How many lines in these records hold the string "none"? Reply with the number alone.

[Collection entries]
□ □ □ □
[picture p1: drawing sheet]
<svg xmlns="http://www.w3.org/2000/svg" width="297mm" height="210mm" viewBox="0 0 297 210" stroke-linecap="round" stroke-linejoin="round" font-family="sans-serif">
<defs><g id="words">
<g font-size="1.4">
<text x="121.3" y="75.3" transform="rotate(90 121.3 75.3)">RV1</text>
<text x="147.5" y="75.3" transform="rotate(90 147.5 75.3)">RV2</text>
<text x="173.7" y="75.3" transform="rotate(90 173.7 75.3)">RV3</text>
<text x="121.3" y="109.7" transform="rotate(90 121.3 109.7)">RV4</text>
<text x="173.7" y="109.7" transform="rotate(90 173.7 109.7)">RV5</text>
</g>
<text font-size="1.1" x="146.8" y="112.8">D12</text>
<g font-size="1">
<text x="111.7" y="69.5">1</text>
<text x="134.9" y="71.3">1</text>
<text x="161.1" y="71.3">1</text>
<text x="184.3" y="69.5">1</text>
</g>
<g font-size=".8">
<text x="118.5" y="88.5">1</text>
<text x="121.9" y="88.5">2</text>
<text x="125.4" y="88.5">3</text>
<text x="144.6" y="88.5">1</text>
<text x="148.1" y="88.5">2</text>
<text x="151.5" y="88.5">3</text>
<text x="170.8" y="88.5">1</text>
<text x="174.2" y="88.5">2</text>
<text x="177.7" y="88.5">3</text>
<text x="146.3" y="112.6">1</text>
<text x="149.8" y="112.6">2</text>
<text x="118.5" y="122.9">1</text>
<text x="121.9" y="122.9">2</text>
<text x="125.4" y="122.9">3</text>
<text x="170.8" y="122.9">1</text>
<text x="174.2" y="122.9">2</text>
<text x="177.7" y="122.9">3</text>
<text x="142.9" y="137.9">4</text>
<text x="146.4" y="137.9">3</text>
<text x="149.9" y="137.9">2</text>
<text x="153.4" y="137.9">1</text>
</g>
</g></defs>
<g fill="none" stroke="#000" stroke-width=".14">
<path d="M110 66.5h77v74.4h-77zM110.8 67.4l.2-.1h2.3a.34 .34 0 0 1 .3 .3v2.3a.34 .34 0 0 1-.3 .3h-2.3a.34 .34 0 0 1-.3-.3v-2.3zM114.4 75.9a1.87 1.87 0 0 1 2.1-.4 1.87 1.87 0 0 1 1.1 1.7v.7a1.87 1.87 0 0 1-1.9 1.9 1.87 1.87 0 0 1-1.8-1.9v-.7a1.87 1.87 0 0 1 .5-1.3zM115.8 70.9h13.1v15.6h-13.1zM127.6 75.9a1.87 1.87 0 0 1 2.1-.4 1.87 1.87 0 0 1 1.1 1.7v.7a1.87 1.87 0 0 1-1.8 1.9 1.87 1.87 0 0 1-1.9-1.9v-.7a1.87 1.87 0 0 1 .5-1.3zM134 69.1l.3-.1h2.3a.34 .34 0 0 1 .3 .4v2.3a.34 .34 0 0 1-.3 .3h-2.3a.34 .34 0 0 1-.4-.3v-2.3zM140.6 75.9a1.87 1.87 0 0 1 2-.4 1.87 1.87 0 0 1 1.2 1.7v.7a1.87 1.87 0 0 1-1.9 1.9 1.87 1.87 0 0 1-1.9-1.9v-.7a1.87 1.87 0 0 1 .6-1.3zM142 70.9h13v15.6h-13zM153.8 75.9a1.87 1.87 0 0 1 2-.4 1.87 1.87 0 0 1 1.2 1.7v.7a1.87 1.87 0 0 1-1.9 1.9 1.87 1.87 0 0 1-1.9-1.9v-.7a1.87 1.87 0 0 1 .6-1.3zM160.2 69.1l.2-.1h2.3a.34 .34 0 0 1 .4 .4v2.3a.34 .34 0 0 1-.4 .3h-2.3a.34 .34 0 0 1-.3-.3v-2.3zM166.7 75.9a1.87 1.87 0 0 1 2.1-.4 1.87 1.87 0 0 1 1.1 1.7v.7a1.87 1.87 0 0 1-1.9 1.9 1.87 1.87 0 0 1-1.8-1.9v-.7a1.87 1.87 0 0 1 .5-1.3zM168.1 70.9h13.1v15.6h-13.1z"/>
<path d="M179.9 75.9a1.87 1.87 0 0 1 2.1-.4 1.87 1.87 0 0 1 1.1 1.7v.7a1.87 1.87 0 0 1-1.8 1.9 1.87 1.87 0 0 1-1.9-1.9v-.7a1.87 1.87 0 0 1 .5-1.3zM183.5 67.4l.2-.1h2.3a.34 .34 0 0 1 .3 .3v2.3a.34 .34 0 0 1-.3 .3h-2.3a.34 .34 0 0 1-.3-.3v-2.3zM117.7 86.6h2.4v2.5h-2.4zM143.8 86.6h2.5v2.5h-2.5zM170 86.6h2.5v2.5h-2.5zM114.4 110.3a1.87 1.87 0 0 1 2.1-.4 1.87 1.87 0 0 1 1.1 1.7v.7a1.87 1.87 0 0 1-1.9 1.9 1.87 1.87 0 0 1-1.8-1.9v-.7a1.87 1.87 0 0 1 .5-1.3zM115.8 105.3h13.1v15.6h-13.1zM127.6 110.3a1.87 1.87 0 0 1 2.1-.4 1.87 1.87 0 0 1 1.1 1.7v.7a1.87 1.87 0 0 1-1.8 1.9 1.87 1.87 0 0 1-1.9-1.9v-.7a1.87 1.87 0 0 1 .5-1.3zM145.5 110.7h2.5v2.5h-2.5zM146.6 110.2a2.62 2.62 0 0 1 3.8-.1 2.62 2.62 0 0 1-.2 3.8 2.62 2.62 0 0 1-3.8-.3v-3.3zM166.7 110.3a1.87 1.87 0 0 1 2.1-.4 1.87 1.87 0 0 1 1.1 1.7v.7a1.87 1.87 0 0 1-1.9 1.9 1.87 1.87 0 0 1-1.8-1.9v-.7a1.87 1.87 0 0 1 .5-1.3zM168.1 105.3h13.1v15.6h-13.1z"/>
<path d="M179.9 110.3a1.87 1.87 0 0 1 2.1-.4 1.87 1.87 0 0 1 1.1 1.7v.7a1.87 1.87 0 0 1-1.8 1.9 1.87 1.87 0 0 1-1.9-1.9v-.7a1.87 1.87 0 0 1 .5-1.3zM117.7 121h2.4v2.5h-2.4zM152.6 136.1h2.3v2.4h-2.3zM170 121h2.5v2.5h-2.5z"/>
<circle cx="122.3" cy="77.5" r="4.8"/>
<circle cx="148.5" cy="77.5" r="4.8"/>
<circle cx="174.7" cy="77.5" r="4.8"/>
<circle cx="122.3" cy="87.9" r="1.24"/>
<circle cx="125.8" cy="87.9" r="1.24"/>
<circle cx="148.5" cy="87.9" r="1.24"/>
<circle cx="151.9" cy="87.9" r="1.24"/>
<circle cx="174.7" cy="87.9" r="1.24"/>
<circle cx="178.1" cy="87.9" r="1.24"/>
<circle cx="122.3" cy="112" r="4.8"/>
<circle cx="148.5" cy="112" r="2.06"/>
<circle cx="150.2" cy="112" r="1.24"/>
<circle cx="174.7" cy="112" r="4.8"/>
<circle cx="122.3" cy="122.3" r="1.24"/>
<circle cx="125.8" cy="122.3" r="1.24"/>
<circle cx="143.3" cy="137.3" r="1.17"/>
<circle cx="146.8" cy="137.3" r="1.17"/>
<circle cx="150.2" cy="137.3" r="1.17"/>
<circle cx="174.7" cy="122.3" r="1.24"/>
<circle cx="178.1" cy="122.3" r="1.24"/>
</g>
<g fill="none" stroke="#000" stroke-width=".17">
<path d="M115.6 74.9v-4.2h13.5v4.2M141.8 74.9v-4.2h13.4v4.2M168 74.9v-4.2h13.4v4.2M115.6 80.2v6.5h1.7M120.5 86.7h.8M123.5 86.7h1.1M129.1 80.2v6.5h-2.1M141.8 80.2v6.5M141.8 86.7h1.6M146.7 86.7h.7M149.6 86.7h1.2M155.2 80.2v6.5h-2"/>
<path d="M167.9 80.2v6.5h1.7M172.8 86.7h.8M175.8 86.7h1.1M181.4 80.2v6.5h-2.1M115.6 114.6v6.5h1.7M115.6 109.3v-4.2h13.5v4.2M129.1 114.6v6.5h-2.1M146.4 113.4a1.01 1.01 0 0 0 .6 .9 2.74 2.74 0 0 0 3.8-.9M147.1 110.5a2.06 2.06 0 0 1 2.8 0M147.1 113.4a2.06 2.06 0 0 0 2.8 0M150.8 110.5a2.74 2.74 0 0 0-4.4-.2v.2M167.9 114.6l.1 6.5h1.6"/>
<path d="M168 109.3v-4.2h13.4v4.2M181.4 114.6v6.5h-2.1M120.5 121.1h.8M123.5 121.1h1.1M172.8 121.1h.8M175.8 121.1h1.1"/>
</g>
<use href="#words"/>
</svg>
□ □ □ □
● SOLUTION FOR THIS TASK:
2